The group concept¶
The GROMACS MD and analysis programs use user-defined groups of atoms to perform certain actions on. The maximum number of groups is 256, but each atom can only belong to six different groups, one each of the following:
- temperature-coupling group
The temperature coupling parameters (reference temperature, time constant, number of degrees of freedom, see The leap-frog integrator) can be defined for each T-coupling group separately. For example, in a solvated macromolecule the solvent (that tends to generate more heating by force and integration errors) can be coupled with a shorter time constant to a bath than is a macromolecule, or a surface can be kept cooler than an adsorbing molecule. Many different T-coupling groups may be defined. See also center of mass groups below.
- freeze group
Atoms that belong to a freeze group are kept stationary in the dynamics. This is useful during equilibration, e.g. to avoid badly placed solvent molecules giving unreasonable kicks to protein atoms, although the same effect can also be obtained by putting a restraining potential on the atoms that must be protected. The freeze option can be used, if desired, on just one or two coordinates of an atom, thereby freezing the atoms in a plane or on a line. When an atom is partially frozen, constraints will still be able to move it, even in a frozen direction. A fully frozen atom can not be moved by constraints. Many freeze groups can be defined. Frozen coordinates are unaffected by pressure scaling; in some cases this can produce unwanted results, particularly when constraints are also used (in this case you will get very large pressures). Accordingly, it is recommended to avoid combining freeze groups with constraints and pressure coupling. For the sake of equilibration it could suffice to start with freezing in a constant volume simulation, and afterward use position restraints in conjunction with constant pressure.
- accelerate group
On each atom in an “accelerate group” an acceleration \(\mathbf{a}^g\) is imposed. This is equivalent to a mass-weighted external force. This feature makes it possible to drive the system into a non-equilibrium state to compute, for example, transport properties.
- energy-monitor group
Mutual interactions between all energy-monitor groups are compiled during the simulation. This is done separately for Lennard-Jones and Coulomb terms. In principle up to 256 groups could be defined, but that would lead to 256\(\times\)256 items! Better use this concept sparingly.
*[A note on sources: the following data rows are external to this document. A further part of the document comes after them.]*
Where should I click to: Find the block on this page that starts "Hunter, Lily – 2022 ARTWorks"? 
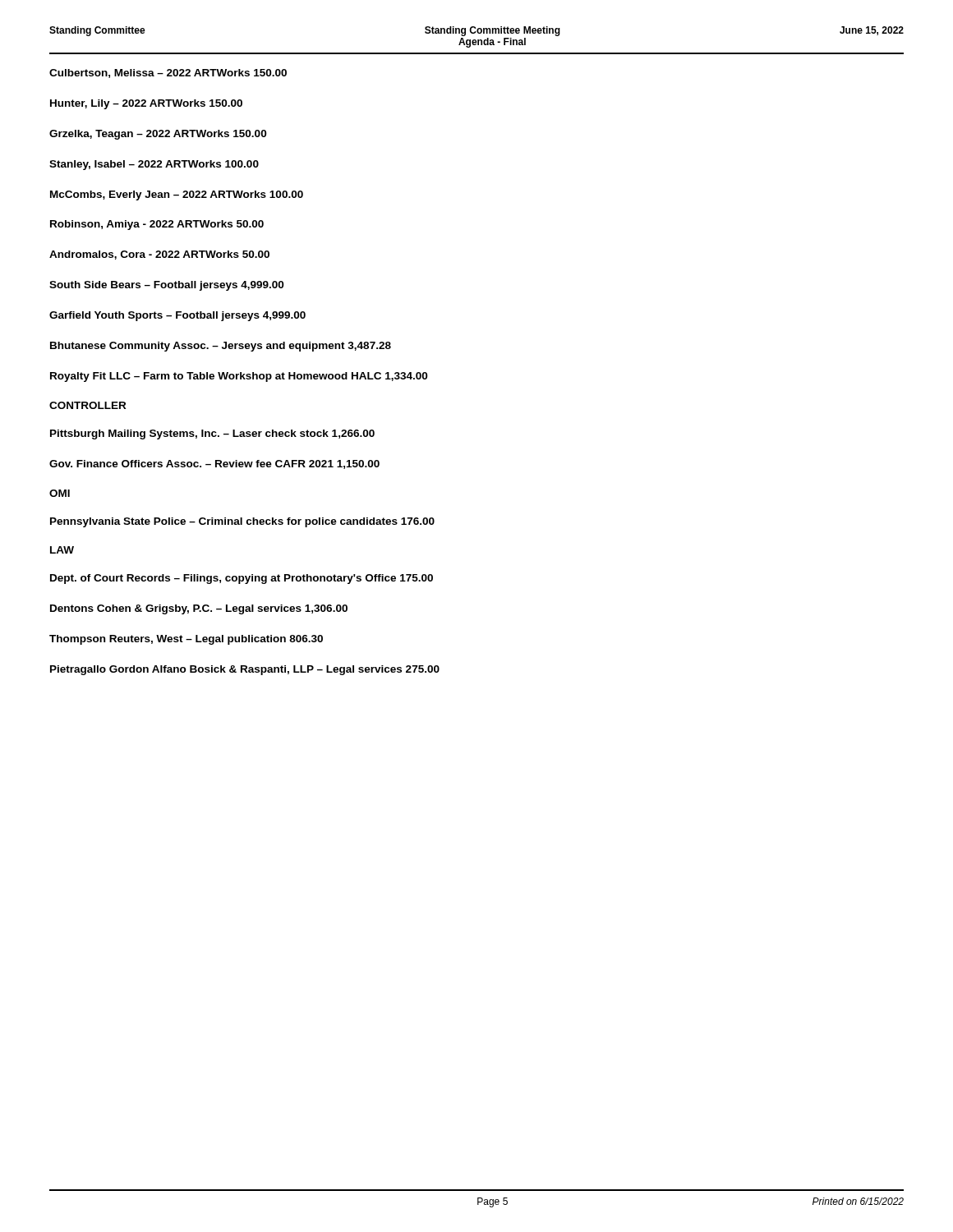click(146, 103)
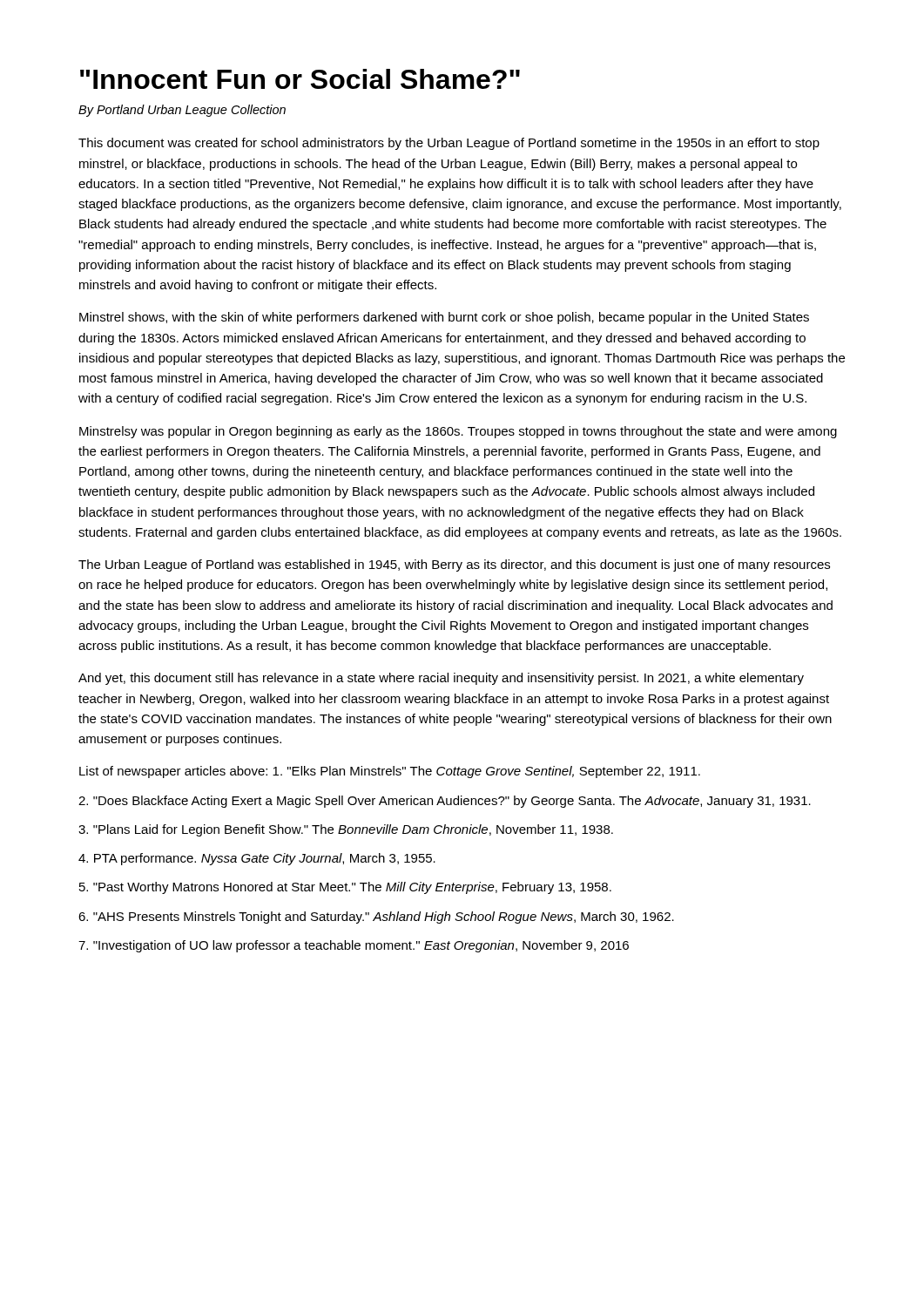
Task: Select the block starting "By Portland Urban"
Action: tap(182, 111)
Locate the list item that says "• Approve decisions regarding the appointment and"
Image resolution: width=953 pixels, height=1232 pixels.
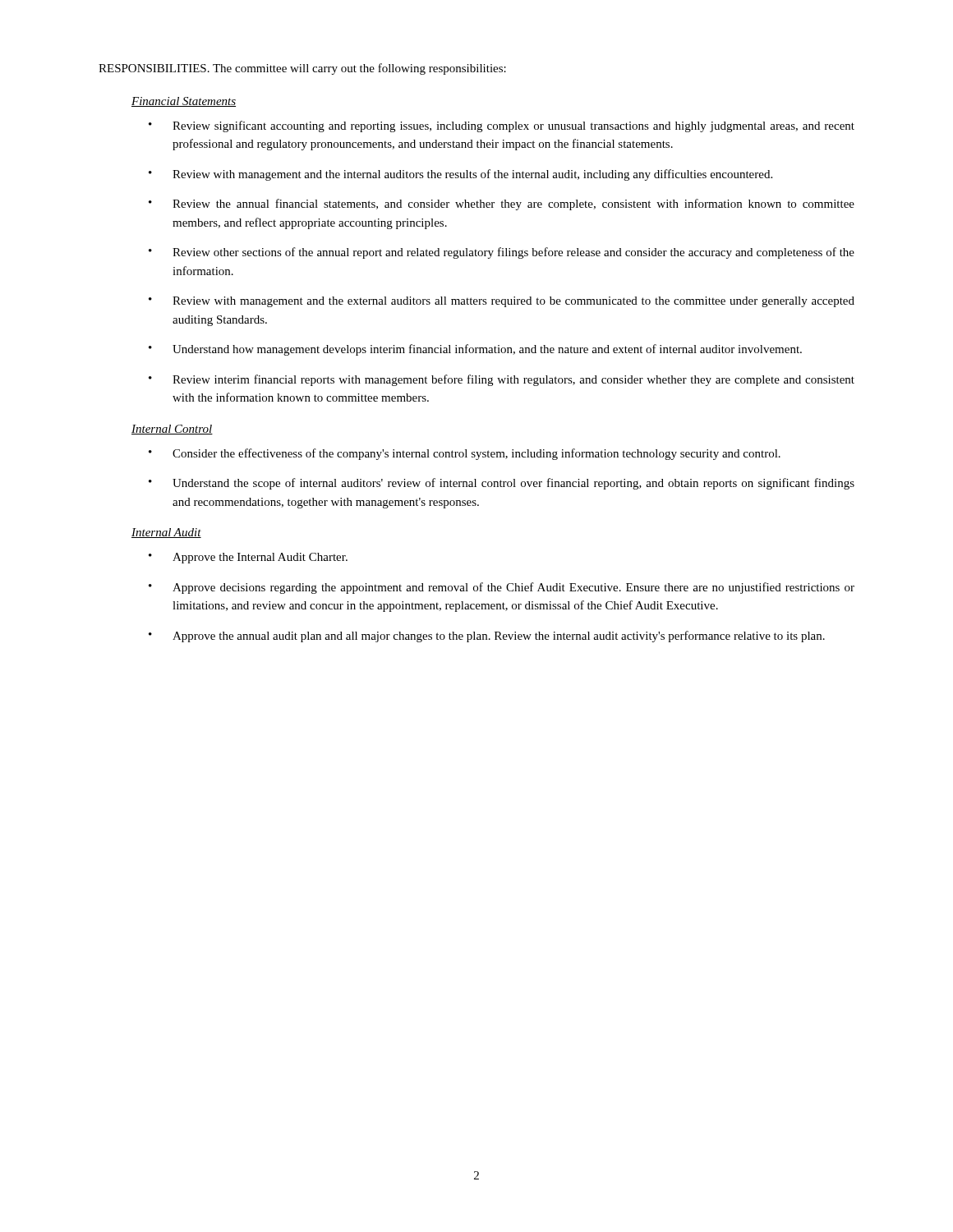(501, 596)
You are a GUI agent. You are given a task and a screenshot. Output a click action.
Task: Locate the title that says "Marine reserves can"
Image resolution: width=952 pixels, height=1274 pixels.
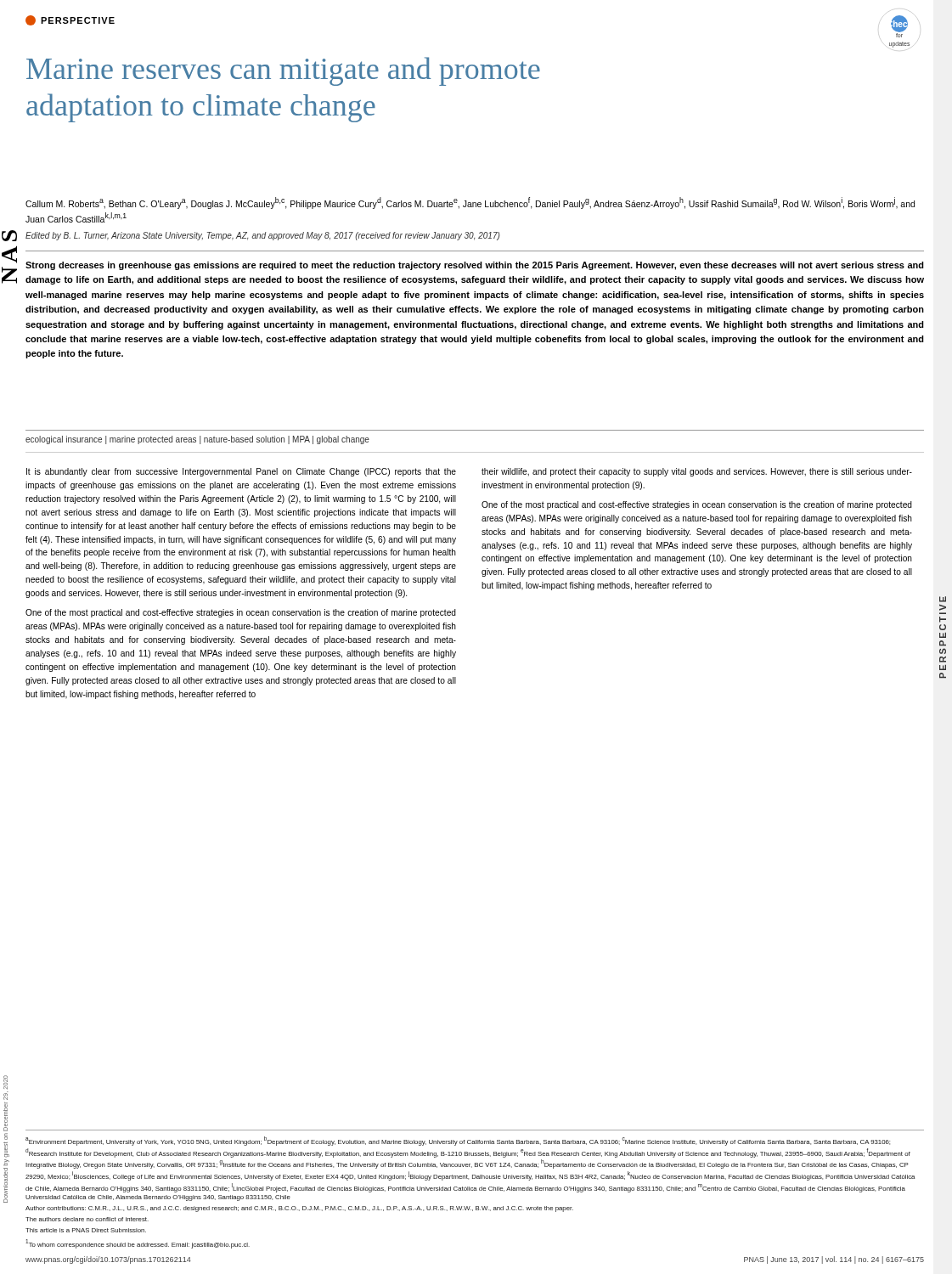(x=348, y=88)

All non-bonded interactions between pairs of energy-monitor groups can be excluded (see details in the User Guide). Pairs of particles from excluded pairs of energy-monitor groups are not put into the pair list. This can result in a significant speedup for simulations where interactions within or between parts of the system are not required.
- center of mass group
In GROMACS, the center of mass (COM) motion can be removed, for either the complete system or for groups of atoms. The latter is useful, e.g. for systems where there is limited friction (e.g. gas systems) to prevent center of mass motion to occur. It makes sense to use the same groups for temperature coupling and center of mass motion removal.
- Compressed position output group
In order to further reduce the size of the compressed trajectory file (xtc or tng), it is possible to store only a subset of all particles. All x-compression groups that are specified are saved, the rest are not. If no such groups are specified, than all atoms are saved to the compressed trajectory file.
The use of groups in GROMACS tools is described in sec. Using Groups.